Er werd met veel verwachting uitgekeken naar de persconferentie van de Nationale Veiligheidsraad van vorige vrijdag. De hoop was groot. Verschillende dingen waren al eerder zeker: geen zomerfestivals, geen wielerfeesten, niet direct voetbalmatchen. Alle fans en supporters mogen hun sjaals, toeters en bellen nog een tijd opbergen.
De Emmaüsgangers
Ook de Emmaüsgangers, die we vandaag in het Evangelie ontmoeten, waren met zeer weinig vuur op stap. Ook voor hen was de kermis uit. In Jeruzalem is hun Heer en Meester buitenspel gezet. Jezus is door de Joodse en Romeinse scheidsrechters van het veld gestuurd. Rode kaart. Hij was dood, niet door het coronavirus maar door de afkeer van de religieuze leiders. Een koude douche voor allen die hoopten dat Jezus de langverwachte Messias was die Israël in zijn oude glorie zou herstellen. Als diep ontgoochelde supporters keren ze Jeruzalem de rug toe en de sjaal zal zonder twijfel goed verstopt zitten in één of andere binnenzak. En onderweg ook geen toeters en bellen meer maar heel veel stilte, doordrongen van ontgoocheling en onbegrip. Er zijn geen woorden voor. Wat zal je trouwens nog zeggen: altijd datzelfde verhaal. Je zou wel duizend keren hetzelfde kunnen zeggen. Alsof je de ooggetuige was van een ongeval of een moord. Alsof je als ouder door een stom toeval je kind verliest, de beslissende penalty hebt gemist. Je zou het wel duizend keren kunnen zeggen, maar het verandert niets. Je zou het aan de muren, aan de bomen willen uitroepen, maar muren en bomen antwoorden niet. En zoveel mensen zeggen snel: ‘Ja, ik weet het al. Je hebt het al verteld.’ Je kan het soms zo van hun gezicht aflezen: ‘Begin er niet opnieuw over. Het brengt geen aarde aan de dijk. Beklaag jezelf zo niet. Je maakt er gewoon jezelf mee ziek!’
Iemand die toch meegaat
Dan zou je geld geven, dierbaren, voor iemand die toch maar even met je verder loopt. Iemand die weet wat je gaat vertellen en toch onbevangen luistert alsof je voor de allereerste keer je verhaal doet. Iemand die gewoon luistert, iemand die je onmacht wilt delen en aanhoren en ze misschien begrijpt vanuit zijn eigen situatie, zijn eigen levensgeschiedenis. Iemand die stamelend kan zeggen: ‘Ik kan vermoeden wat je meemaakt.’

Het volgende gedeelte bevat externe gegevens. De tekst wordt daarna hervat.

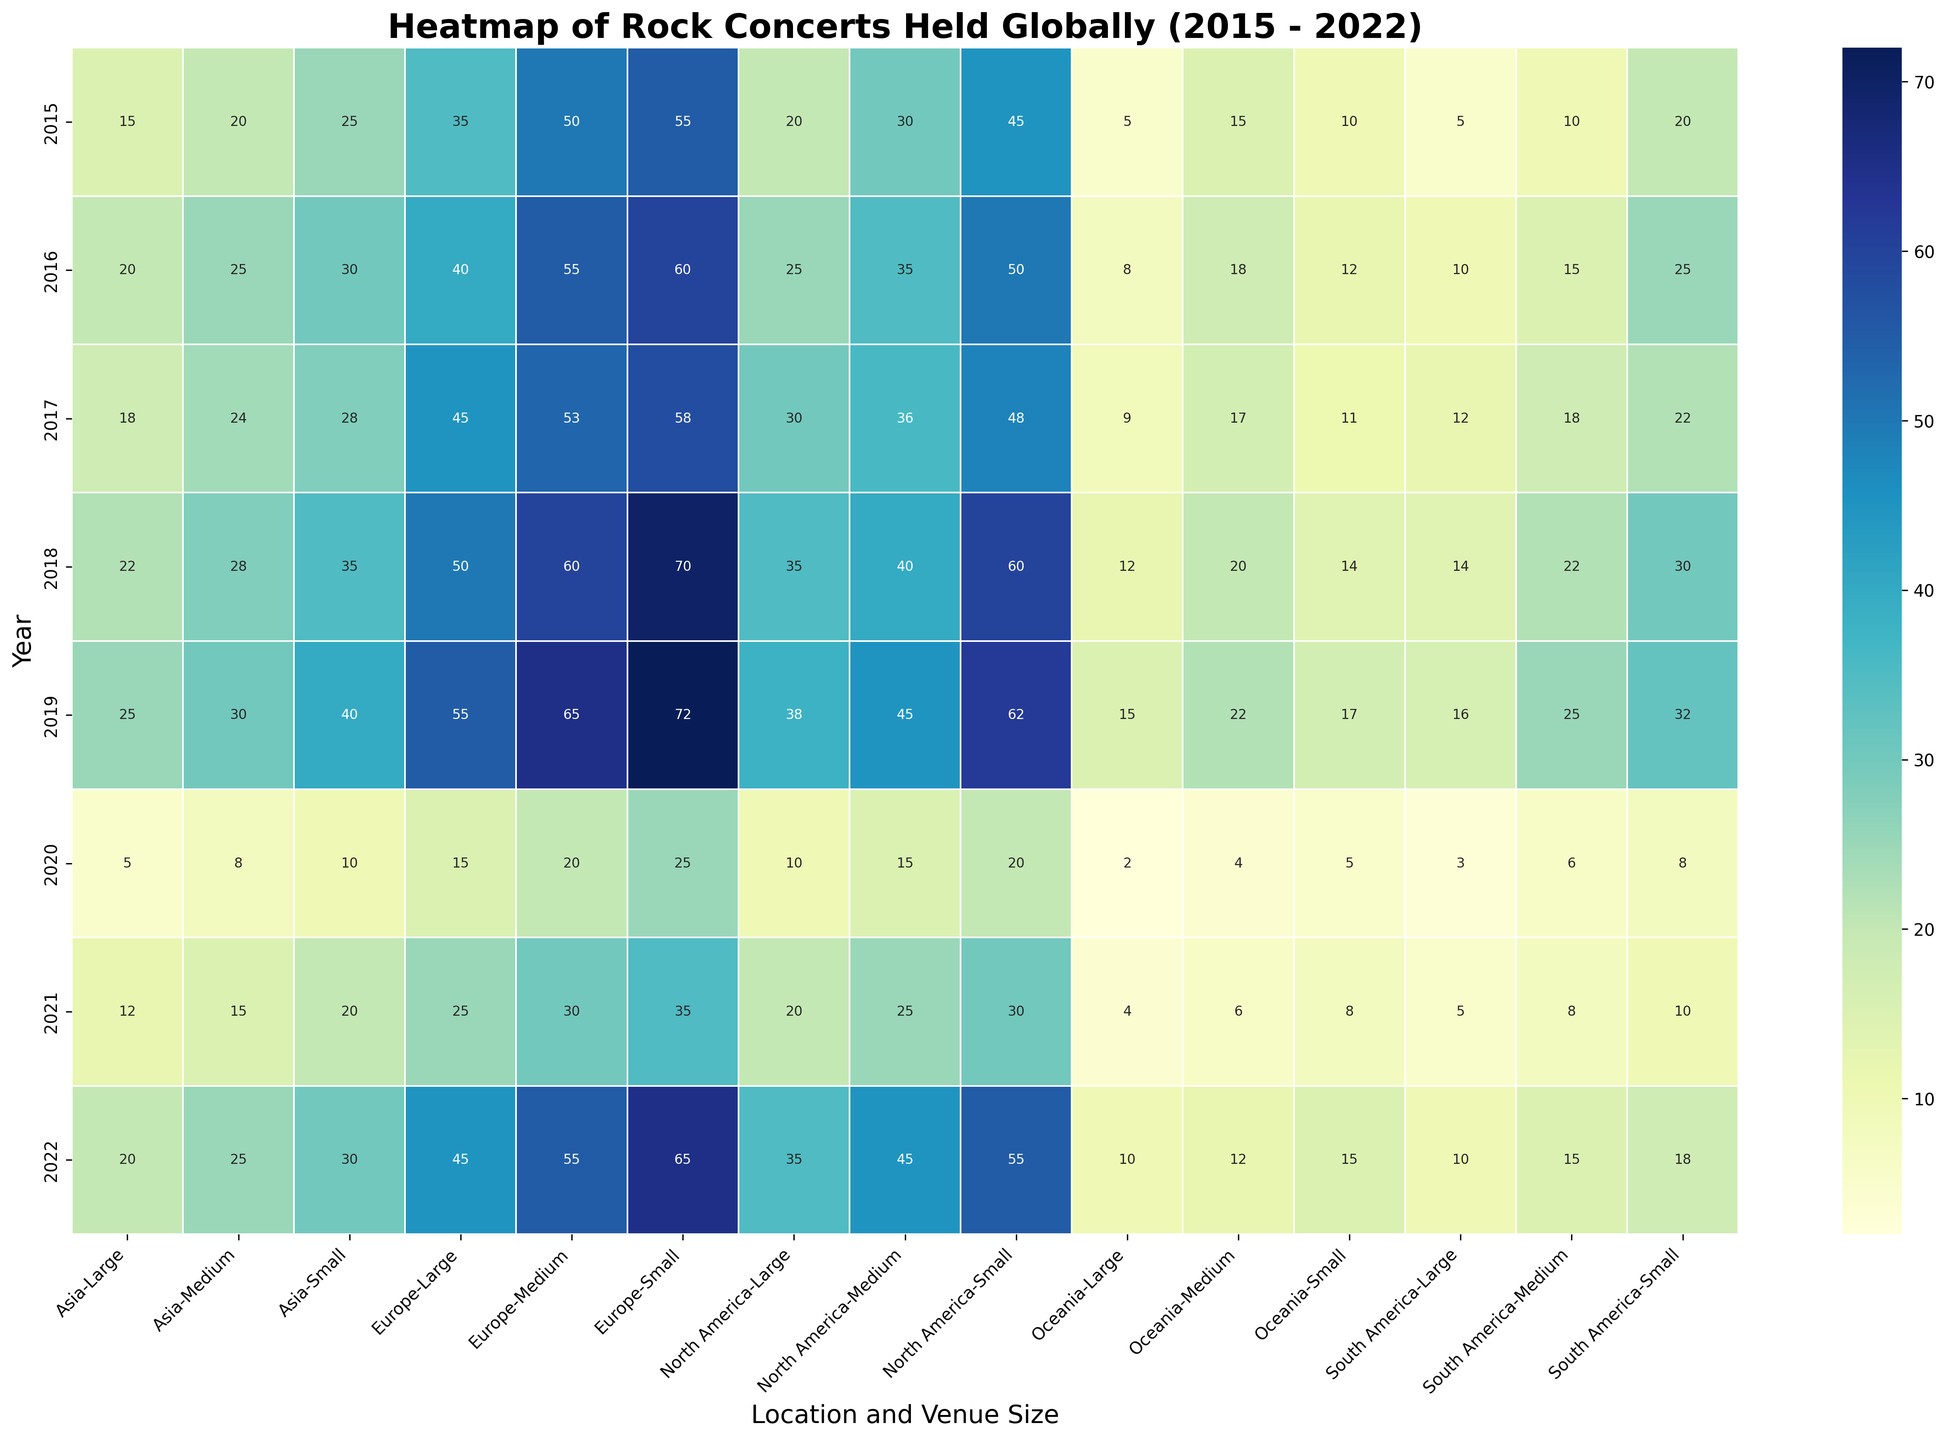Which year had the highest number of small venue concerts in Europe? Look at the Europe column under the Small venue size section and compare the values across all years. The highest value in this column represents the year with the highest number of small venue concerts.
Answer: 2019 Which location had the least number of large venue concerts in 2020? Check the 2020 row and compare the data in the Large venue size column across all locations. Identify the lowest value to determine which location had the least number of large venue concerts.
Answer: Oceania By how much did the number of medium venue concerts in North America decrease from 2019 to 2020? Find the number of medium venue concerts in North America for both 2019 and 2020. Subtract the 2020 value from the 2019 value to get the decrease.
Answer: 30 What's the total number of concerts held in Asia in 2018? Add up the number of concerts held in small, medium, and large venues in Asia for 2018. This is the sum of the numbers in Asia's Small, Medium, and Large columns for 2018.
Answer: 85 In which year did South America have the highest number of total concerts? Sum up the small, medium, and large venue concerts for South America across all years and compare the totals to identify the highest one.
Answer: 2019 Which venue size consistently had the most concerts across all years in North America? For each year, sum the number of concerts for each venue size in North America and compare them. Check which venue size consistently had the highest sum.
Answer: Small What is the difference in the number of small venue concerts in Oceania between the years 2019 and 2021? Look at the number of small venue concerts in Oceania for 2019 and 2021. Subtract the 2021 value from the 2019 value to find the difference.
Answer: 9 Which year had the sharpest decline in total number of concerts globally compared to the previous year? For each year, sum the number of concerts across all locations and venue sizes, then find the year with the largest decrease compared to the previous year's total.
Answer: 2020 
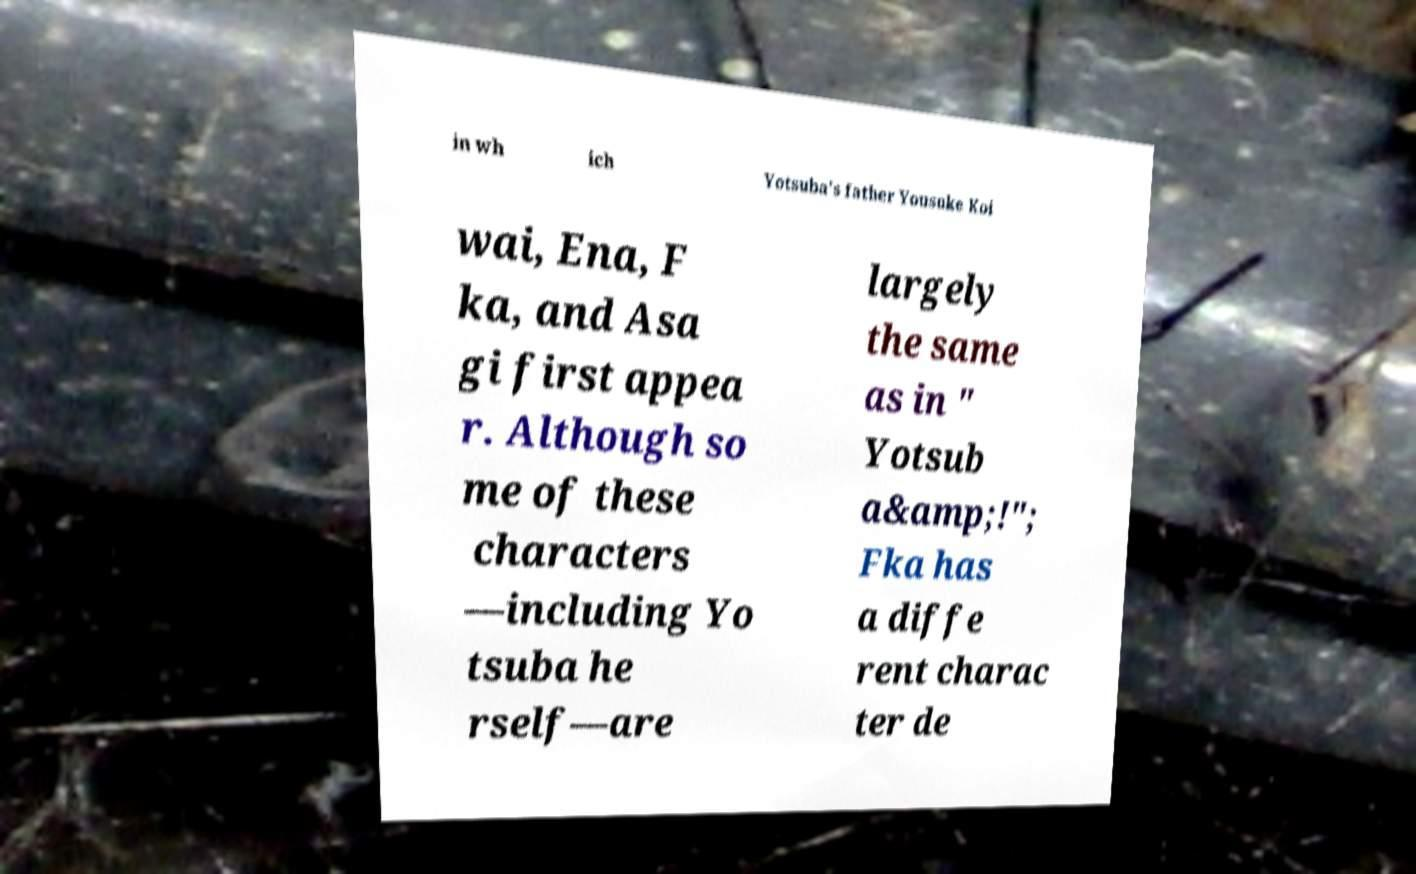I need the written content from this picture converted into text. Can you do that? in wh ich Yotsuba's father Yousuke Koi wai, Ena, F ka, and Asa gi first appea r. Although so me of these characters —including Yo tsuba he rself—are largely the same as in " Yotsub a&amp;!"; Fka has a diffe rent charac ter de 
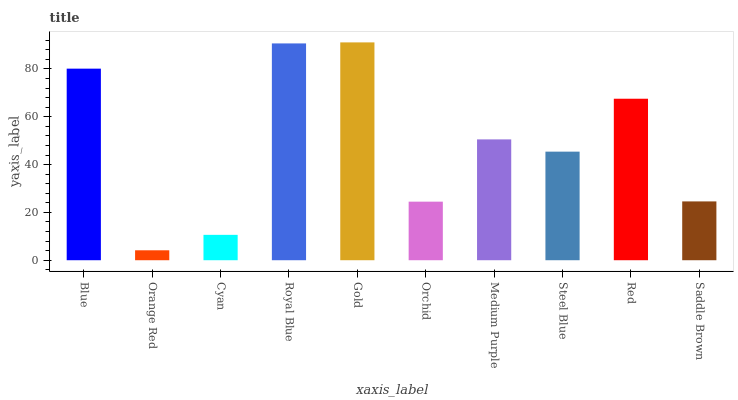Is Orange Red the minimum?
Answer yes or no. Yes. Is Gold the maximum?
Answer yes or no. Yes. Is Cyan the minimum?
Answer yes or no. No. Is Cyan the maximum?
Answer yes or no. No. Is Cyan greater than Orange Red?
Answer yes or no. Yes. Is Orange Red less than Cyan?
Answer yes or no. Yes. Is Orange Red greater than Cyan?
Answer yes or no. No. Is Cyan less than Orange Red?
Answer yes or no. No. Is Medium Purple the high median?
Answer yes or no. Yes. Is Steel Blue the low median?
Answer yes or no. Yes. Is Steel Blue the high median?
Answer yes or no. No. Is Red the low median?
Answer yes or no. No.

Eén van de twee Emmaüsgangers gaat naamloos door het leven. Wij mogen gerust onze eigen naam invullen en ons afvragen: waar liggen de momenten van pijn en onbegrip in mijn eigen leven? Wie of wat maakt mij bang en moedeloos? Waar deel ik het lot van die radeloze, ontgoochelde stappers uit het Evangelie? Waar zitten de ontgoochelingen van mijn eigen bestaan? Ben ik niet te fier om mijn eigen zwakte aan mensen mee te delen? En verder: zie ik de pijn en de machteloosheid van de mensen uit mijn omgeving? Voor wie mag ik die Cleopas uit het evangelie zijn? Wie zijn de tochtgenoten uit mijn leven en voor wie ben ik een echte tochtgenoot? Wie verwijst mij naar de levende Heer?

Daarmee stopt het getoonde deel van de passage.